Clearly, economic aspects should not be the only driver in designing a policy for suicide prevention. But from a health-economic perspective, the financial burden of suicide attempts as such justifies appropriate and targeted interventions. So far, few government-sponsored intervention schemes have addressed this issue. Our results suggest that specific subgroups, e.g. elderly patients or patients with mood disorders, cause disproportionately high costs. Programmes specifically targeting these groups could deliver a more attractive result in terms of economic outcomes.

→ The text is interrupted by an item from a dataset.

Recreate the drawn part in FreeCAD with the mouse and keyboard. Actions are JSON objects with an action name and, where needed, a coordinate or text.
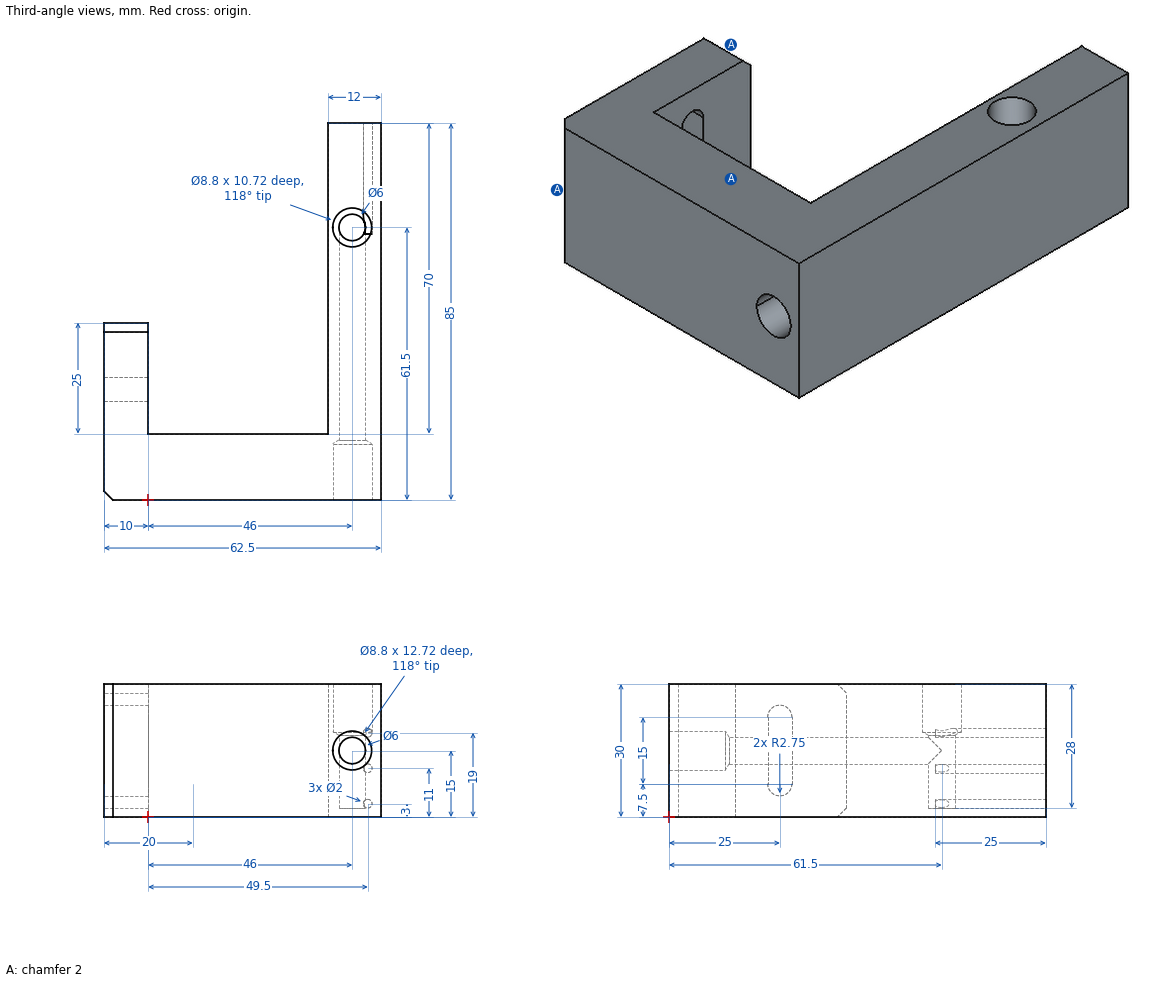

Funding / potential competing interests: The study was supported by grants of the Voluntary Academic Society Basel (2 July 2007) and the Swiss Federal Office of Public Health (contract No. 02.001.732/2.25.01.–382). G. Stoppe has been receiving speaker and advisory board honoraria from various companies including Astra Zeneca, Bristol Myers Squibb, Desitin, Eli Lilly, Janssen Cilag, Lundbeck, Merz, Novartis, Pfizer, Sanofi, Servier. She received research grants by Bristol Myers Squibb. A. Riecher-Rössler has been receiving support from Eli Lilly, Lundbeck, Mepha Pharma, Pfizer, Servier. The other authors declare no conflicts of interest.